Final answer:
The mass of the steel pipe is calculated by finding the volume of steel (subtracting the inner cylinder's volume from the outer cylinder's volume) and multiplying by the steel's density. The steel's volume is the difference between the volumes described by the outer and inner diameters, and the resulting mass to the nearest gram is found through this calculation.
Step-by-step explanation:
The mass of the steel pipe can be calculated by finding the volume of steel used and then multiplying it by the density. To find the volume of steel, we need to subtract the volume of the space from the volume of the outer cylinder.
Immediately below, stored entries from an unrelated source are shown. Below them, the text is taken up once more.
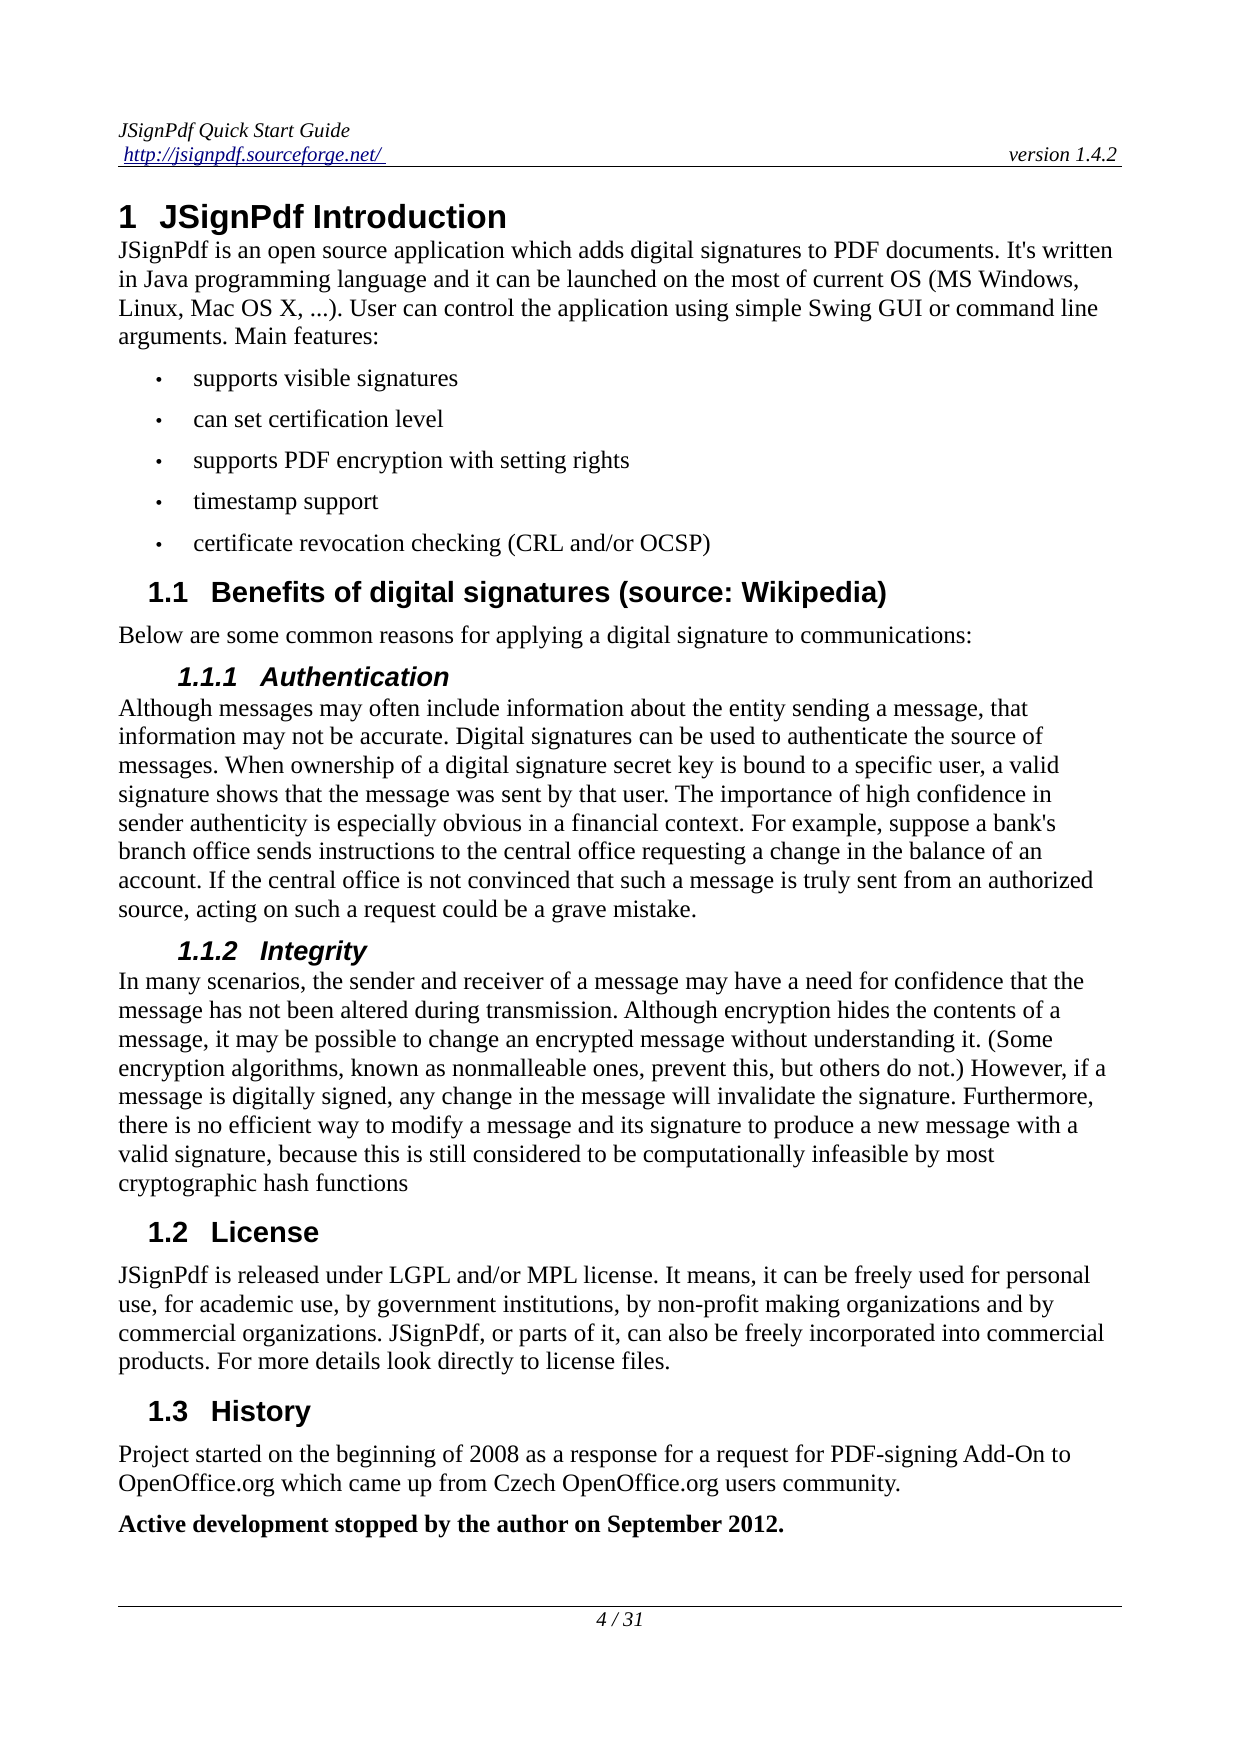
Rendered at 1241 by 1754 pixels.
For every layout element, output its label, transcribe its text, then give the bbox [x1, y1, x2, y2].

text Project started on the beginning of 2008 as a response for a request for PDF-signing Add‑On to OpenOffice.org which came up from Czech OpenOffice.org users community. [118, 1439, 1122, 1496]
list certificate revocation checking (CRL and/or OCSP) [156, 528, 1122, 556]
subtitle History [148, 1394, 1116, 1427]
text Although messages may often include information about the entity sending a message, that information may not be accurate. Digital signatures can be used to authenticate the source of messages. When ownership of a digital signature secret key is bound to a specific user, a valid signature shows that the message was sent by that user. The importance of high confidence in sender authenticity is especially obvious in a financial context. For example, suppose a bank's branch office sends instructions to the central office requesting a change in the balance of an account. If the central office is not convinced that such a message is truly sent from an authorized source, acting on such a request could be a grave mistake. [118, 693, 1122, 923]
text JSignPdf is released under LGPL and/or MPL license. It means, it can be freely used for personal use, for academic use, by government institutions, by non-profit making organizations and by commercial organizations. JSignPdf, or parts of it, can also be freely incorporated into commercial products. For more details look directly to license files. [118, 1260, 1122, 1375]
list supports visible signatures [156, 363, 1122, 391]
subtitle Benefits of digital signatures (source: Wikipedia) [148, 575, 1116, 608]
text In many scenarios, the sender and receiver of a message may have a need for confidence that the message has not been altered during transmission. Although encryption hides the contents of a message, it may be possible to change an encrypted message without understanding it. (Some encryption algorithms, known as nonmalleable ones, prevent this, but others do not.) However, if a message is digitally signed, any change in the message will invalidate the signature. Furthermore, there is no efficient way to modify a message and its signature to produce a new message with a valid signature, because this is still considered to be computationally infeasible by most cryptographic hash functions [118, 966, 1122, 1196]
subtitle Integrity [177, 935, 1122, 966]
text Below are some common reasons for applying a digital signature to communications: [118, 620, 1122, 649]
list supports PDF encryption with setting rights [156, 445, 1122, 474]
subtitle Authentication [177, 661, 1122, 693]
text Active development stopped by the author on September 2012. [118, 1509, 1122, 1538]
subtitle License [148, 1215, 1116, 1248]
text JSignPdf is an open source application which adds digital signatures to PDF documents. It's written in Java programming language and it can be launched on the most of current OS (MS Windows, Linux, Mac OS X, ...). User can control the application using simple Swing GUI or command line arguments. Main features: [118, 235, 1122, 350]
subtitle JSignPdf Introduction [118, 197, 1122, 235]
list timestamp support [156, 486, 1122, 515]
list can set certification level [156, 404, 1122, 433]
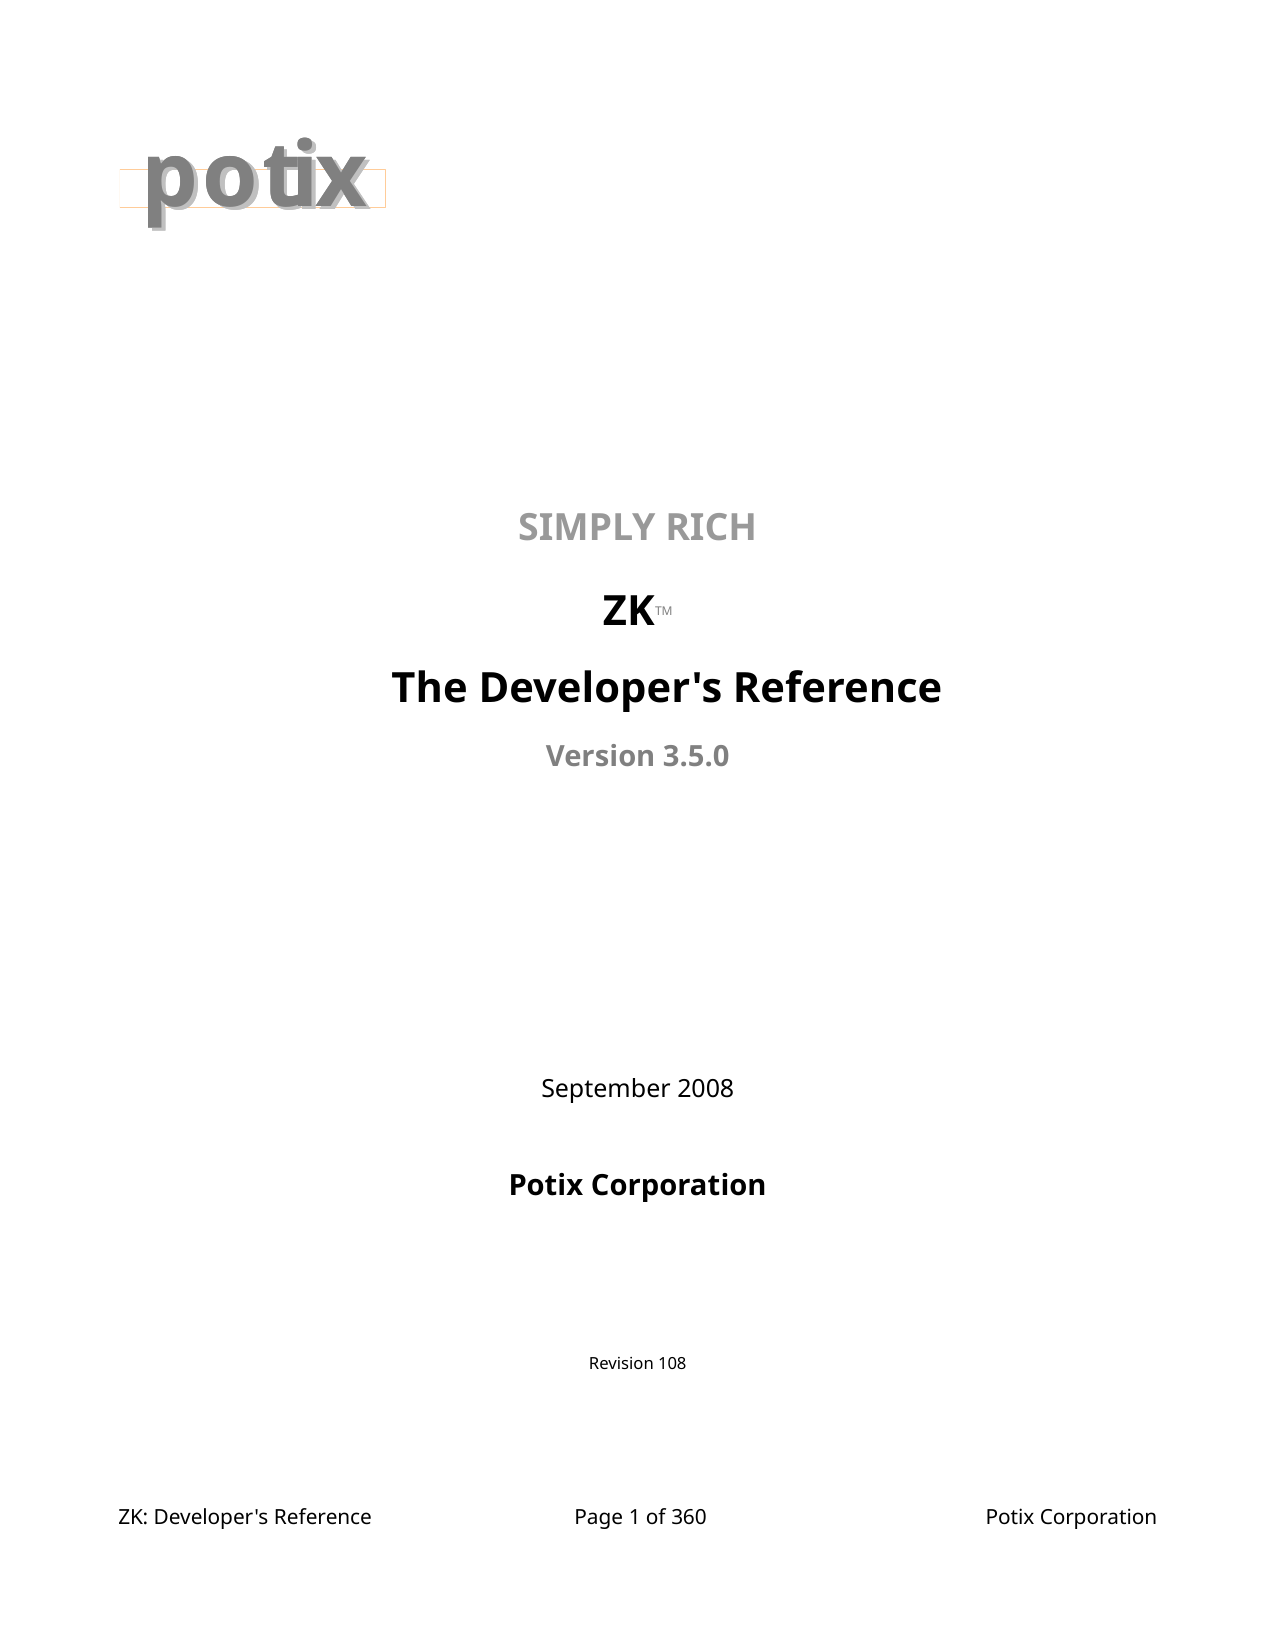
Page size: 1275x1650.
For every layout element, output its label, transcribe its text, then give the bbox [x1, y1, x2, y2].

text Potix Corporation [118, 1164, 1157, 1203]
text Revision 108 [118, 1351, 1157, 1374]
text September 2008 [118, 1071, 1157, 1105]
title The Developer's Reference [177, 658, 1157, 715]
subtitle Version 3.5.0 [118, 736, 1157, 775]
text SIMPLY RICH [118, 500, 1157, 551]
text ZKTM [118, 580, 1157, 637]

The formula for the volume of a cylinder is V = πr^2h, where r is the radius and h is the height. For the outer cylinder with an outside diameter of 2 cm (radius of 1 cm), the volume is V1 = π(1 cm)^2(100 cm). For the inner hollow cylinder with an inside diameter of 1.8 cm (radius of 0.9 cm), the volume is V2 = π(0.9 cm)^2(100 cm). The volume of steel is V = V1 - V2. Finally, we multiply the volume of steel by the density of steel to get the mass:
M = V * density of steel.
Inserting the values and completing the calculation:
- V1 = π(1 cm)^2(100 cm) = 100π cm^3
- V2 = π(0.9 cm)^2(100 cm) = 81π cm^3
- V = 100π cm^3 - 81π cm^3 = 19π cm^3
- Mass = 19π cm^3 * 7.8 g/cm^3
Calculating the above, we get the mass of the pipe to the nearest gram.